= Task item =
Which lines below hold the word "ASTM"? Copy all of them.

(Source data)
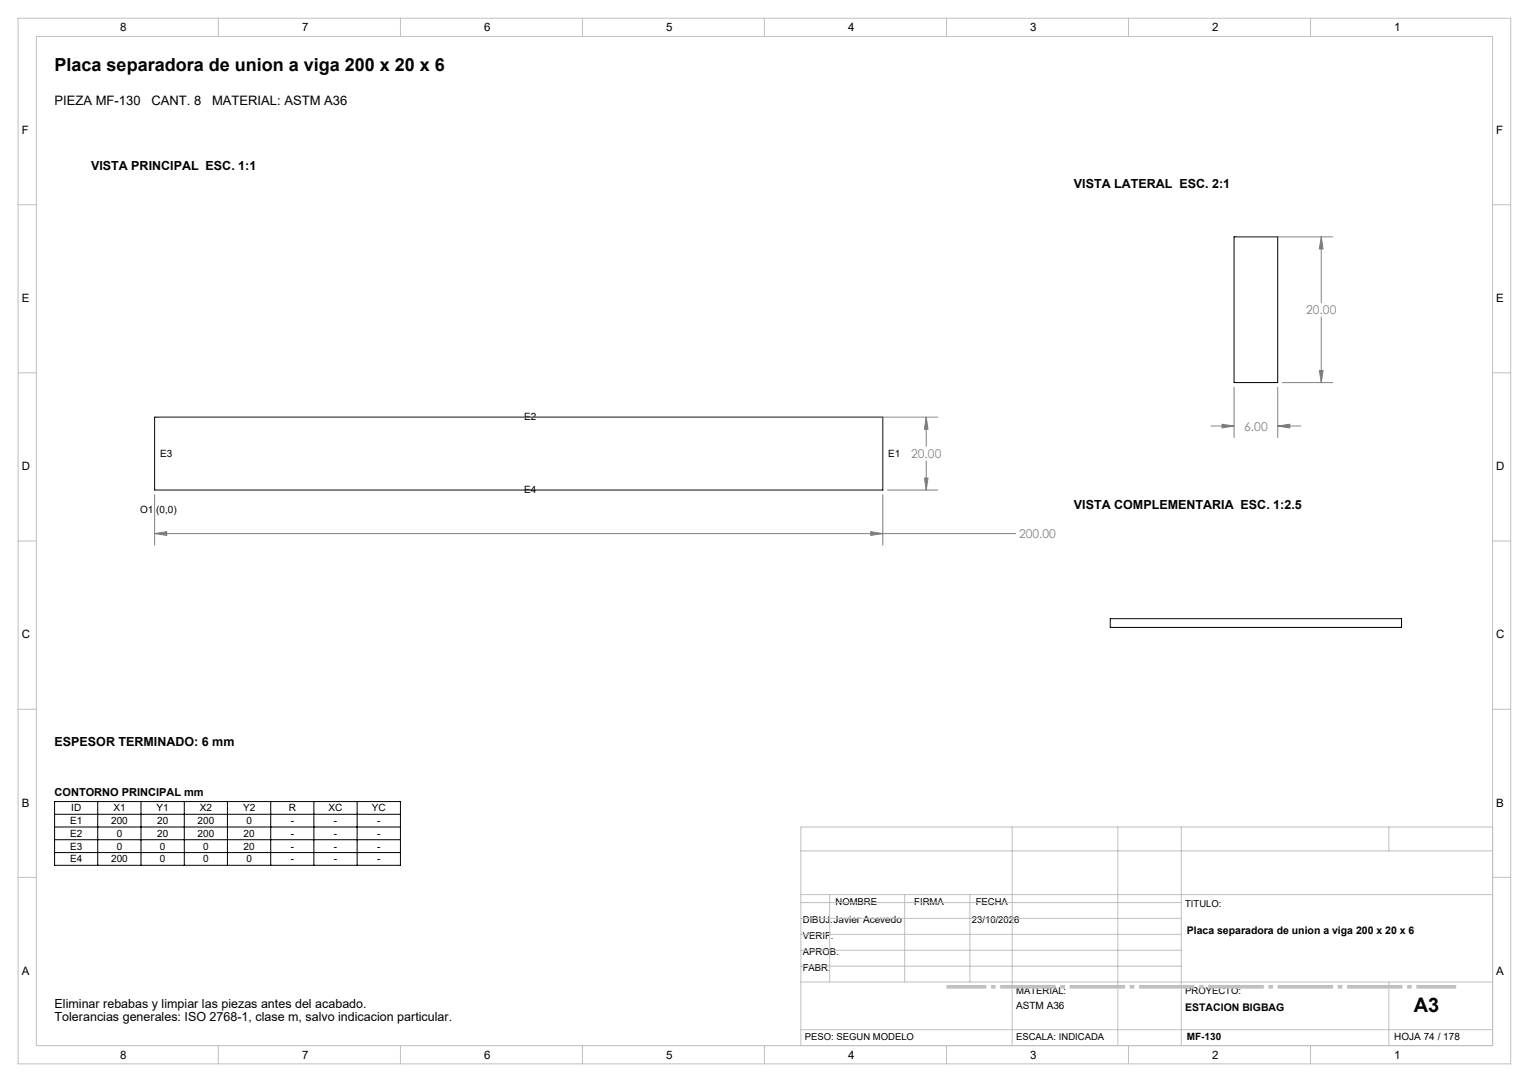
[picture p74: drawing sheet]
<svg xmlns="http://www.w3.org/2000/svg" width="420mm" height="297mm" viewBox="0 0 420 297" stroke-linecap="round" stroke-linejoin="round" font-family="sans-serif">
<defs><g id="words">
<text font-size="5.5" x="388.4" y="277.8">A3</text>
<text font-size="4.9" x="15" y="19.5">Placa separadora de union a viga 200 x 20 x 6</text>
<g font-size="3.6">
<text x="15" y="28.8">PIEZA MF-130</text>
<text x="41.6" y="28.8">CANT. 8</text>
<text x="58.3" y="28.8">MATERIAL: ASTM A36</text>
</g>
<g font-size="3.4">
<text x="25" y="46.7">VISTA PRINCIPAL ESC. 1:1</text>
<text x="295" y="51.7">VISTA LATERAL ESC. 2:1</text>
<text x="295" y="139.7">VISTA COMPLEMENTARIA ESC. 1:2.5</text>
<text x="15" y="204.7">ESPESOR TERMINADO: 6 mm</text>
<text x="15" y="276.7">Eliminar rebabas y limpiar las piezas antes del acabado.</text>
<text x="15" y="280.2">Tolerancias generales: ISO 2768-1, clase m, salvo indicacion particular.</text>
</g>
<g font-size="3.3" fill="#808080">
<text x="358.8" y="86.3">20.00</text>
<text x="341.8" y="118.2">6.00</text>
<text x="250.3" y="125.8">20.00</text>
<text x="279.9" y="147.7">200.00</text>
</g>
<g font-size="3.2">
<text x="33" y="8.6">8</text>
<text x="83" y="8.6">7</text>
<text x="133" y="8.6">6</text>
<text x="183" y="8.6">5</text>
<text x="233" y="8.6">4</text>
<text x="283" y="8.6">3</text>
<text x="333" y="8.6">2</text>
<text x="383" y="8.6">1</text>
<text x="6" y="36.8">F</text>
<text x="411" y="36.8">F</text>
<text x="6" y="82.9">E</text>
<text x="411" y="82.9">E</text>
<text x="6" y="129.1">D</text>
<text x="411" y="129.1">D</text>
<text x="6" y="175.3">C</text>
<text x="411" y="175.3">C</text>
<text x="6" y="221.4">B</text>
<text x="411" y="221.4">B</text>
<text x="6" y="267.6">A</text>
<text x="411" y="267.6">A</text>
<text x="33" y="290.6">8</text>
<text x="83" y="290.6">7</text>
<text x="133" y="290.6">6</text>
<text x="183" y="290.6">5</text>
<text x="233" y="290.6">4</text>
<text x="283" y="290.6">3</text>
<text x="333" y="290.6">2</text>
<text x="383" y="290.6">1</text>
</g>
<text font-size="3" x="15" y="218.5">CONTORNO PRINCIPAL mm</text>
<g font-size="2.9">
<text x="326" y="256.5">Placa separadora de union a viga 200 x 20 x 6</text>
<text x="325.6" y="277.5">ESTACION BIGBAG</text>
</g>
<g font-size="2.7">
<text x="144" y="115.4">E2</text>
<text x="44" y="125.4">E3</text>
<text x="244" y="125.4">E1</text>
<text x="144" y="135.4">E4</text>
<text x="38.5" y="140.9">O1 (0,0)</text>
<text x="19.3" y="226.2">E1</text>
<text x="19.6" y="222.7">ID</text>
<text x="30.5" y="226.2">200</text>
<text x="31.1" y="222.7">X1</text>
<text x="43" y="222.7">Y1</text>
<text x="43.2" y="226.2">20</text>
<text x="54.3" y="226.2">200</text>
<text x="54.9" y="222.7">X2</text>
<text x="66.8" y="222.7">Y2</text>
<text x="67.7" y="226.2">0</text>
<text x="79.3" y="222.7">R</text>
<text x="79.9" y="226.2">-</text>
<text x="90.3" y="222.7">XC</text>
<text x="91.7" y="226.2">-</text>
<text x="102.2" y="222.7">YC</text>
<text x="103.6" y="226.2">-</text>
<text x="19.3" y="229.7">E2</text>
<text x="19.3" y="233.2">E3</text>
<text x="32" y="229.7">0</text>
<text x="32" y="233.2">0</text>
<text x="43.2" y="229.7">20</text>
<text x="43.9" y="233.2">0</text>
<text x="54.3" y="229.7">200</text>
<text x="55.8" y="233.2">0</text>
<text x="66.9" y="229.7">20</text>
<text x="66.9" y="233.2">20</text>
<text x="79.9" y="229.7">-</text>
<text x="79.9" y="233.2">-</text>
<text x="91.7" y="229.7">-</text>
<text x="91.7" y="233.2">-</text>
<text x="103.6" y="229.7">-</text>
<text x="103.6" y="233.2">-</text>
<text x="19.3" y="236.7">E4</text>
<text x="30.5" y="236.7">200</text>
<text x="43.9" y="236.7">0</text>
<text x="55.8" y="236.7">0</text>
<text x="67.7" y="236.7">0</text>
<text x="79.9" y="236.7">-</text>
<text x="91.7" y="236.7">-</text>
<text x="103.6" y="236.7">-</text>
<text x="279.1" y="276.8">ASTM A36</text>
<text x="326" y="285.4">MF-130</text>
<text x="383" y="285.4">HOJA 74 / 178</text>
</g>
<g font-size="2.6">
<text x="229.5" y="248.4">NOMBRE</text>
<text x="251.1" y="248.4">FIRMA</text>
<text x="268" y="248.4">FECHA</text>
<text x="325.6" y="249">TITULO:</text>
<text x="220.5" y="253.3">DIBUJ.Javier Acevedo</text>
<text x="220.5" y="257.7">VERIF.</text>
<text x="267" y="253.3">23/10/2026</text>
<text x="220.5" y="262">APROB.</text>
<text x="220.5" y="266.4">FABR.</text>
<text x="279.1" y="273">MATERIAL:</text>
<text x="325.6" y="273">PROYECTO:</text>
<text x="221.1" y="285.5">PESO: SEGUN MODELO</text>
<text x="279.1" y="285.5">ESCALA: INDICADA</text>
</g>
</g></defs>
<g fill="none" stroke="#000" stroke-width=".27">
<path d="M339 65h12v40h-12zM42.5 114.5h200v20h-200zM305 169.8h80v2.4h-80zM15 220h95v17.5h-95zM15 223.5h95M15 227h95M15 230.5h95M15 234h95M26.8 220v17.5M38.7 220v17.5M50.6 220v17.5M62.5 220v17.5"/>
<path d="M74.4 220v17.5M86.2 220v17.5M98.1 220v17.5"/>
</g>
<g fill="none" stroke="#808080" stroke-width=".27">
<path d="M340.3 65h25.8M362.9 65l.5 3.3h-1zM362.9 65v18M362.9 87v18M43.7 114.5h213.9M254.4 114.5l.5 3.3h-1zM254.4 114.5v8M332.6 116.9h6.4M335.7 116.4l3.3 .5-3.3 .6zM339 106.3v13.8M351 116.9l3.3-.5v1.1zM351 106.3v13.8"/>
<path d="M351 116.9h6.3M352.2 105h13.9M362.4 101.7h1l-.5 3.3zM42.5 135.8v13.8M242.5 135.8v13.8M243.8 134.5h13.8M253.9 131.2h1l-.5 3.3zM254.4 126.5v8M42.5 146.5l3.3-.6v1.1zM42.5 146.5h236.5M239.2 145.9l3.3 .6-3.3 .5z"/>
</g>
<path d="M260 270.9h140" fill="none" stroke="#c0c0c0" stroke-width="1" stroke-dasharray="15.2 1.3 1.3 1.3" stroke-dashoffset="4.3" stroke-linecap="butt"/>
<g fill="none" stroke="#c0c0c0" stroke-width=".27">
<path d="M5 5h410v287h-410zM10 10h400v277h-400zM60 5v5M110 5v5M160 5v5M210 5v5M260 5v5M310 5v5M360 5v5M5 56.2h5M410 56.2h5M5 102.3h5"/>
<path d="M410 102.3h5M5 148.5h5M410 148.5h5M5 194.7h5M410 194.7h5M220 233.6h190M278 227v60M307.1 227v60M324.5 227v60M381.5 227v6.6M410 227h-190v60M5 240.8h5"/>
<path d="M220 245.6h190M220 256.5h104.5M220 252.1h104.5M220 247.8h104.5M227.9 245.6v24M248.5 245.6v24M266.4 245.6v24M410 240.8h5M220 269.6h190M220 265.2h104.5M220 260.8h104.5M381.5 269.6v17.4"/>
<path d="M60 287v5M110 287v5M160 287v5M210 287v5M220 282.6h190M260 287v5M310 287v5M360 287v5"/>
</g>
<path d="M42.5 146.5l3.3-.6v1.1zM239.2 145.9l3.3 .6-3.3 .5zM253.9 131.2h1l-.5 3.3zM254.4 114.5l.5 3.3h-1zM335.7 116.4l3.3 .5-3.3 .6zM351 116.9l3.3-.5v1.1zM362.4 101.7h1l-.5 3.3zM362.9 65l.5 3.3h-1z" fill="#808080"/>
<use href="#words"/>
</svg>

= Answer box =
<text x="58.3" y="28.8">MATERIAL: ASTM A36</text>
<text x="279.1" y="276.8">ASTM A36</text>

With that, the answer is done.